First, clone this repository and enter the directory by running:

git clone https://gitlab.inf.ethz.ch/eoezkan/multimodalecho.git
cd multimodalecho

You will find the complete source code of both echonet and multimodalecho in the git repo. Both directories include another README with more specific details. For convenience, you can use a venv to install all dependencies by calling:

python3 -m venv env

where env is the name of your environment directory. You can then activate the environment and install the newest version of pip:

source env/bin/activate
pip install --upgrade pip

Finally, you can enter the desired directory (echonet or multimodalecho) and install the dependencies for the respective pipeline using:

cd multimodalecho
pip install --user -e .

where the -e flag ensures that you enter editable mode and do not need to run pip install after every change you make to the source code.

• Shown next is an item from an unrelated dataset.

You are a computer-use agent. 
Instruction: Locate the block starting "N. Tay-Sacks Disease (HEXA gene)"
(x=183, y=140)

In case you do not plan on changing anything, you can omit this flag.

For more information on echonet and multimodalecho, consult the README file in the respective directory.

ReadMe for the MultimodalEcho part


This project (called multimodalecho for short) implements a deep learning pipeline for

  1. M-mode extraction from B-mode videos
  2. Prediction of ejection fraction using generated M-modes
  3. Assessment of cardiomyopathy with reduced ejection fraction

Dataset

The EchoNet-Dynamic dataset, consisting of over 10,000 labeled echocardiograms, was used in this project. Additional information is available at https://echonet.github.io/dynamic/. The workflow introduced by the EchoNet authors was used as a baseline for our pipeline.

Usage

YAML files

This project makes use of quite a few command line parameters.
To provide users with an overview, all parameters can alternatively be set in YAML files. Copy the provided default.yaml into a new config.yaml and configure the parameters as needed in your favourite text editor.

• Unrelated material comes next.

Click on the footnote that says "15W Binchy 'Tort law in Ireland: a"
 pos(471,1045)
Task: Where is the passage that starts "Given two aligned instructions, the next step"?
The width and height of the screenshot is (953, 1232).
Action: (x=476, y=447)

scp default.yaml config.yaml
nano config.yaml

Inside the YAML files, each parameter and its default value are described.
In case you prefer using command line parameters, you can do so without changing anything, any parameter value passed per command line overwrites the available value in the YAML file.

Extracting videos

A first (optional) step is the extraction of videos by length, i.e. number of frames. As each frame in the video represents a one-pixel-wide vertical line in the resulting M-mode image, the video length dictates the M-mode image width.
This step is optional and simply leads to the creation of a "new" dataset containing videos of the desired length, with videos of shorter length discarded. As the same dataset is generally used for many (or all) experiments, this can be a sensible step to reduce future computational cost.
If, for example, you would like to work with 112x112 M-mode images, you could run:

python multimodalecho extract_videos

which will create the directory ../../extract_videos_112 storing the new Video directory, FileList.csv and VolumeTracings.csv.
Make sure to update the data_dir in your config.yaml file!

Running experiments

As soon as you're happy with your parameters and dataset, you can start running any individual experiment with this command:

python multimodalecho run_model

Alternatively, if you want to run several jobs on a cluster, a job submission script is available (for LSF). Define your desired value ranges for parameters you want to experiment with, select appropriate resources and you can submit a (large) number of jobs simultaneously:

./submit_jobs.sh

Collecting results

After running some experiments, you can collect your results and produce some plots using:

python multimodalecho collect_results

This function will produce a table of all results (can be suppressed passing the --no_table flag) and will produce a number of plots (can be suppressed passing the --no_plot flag).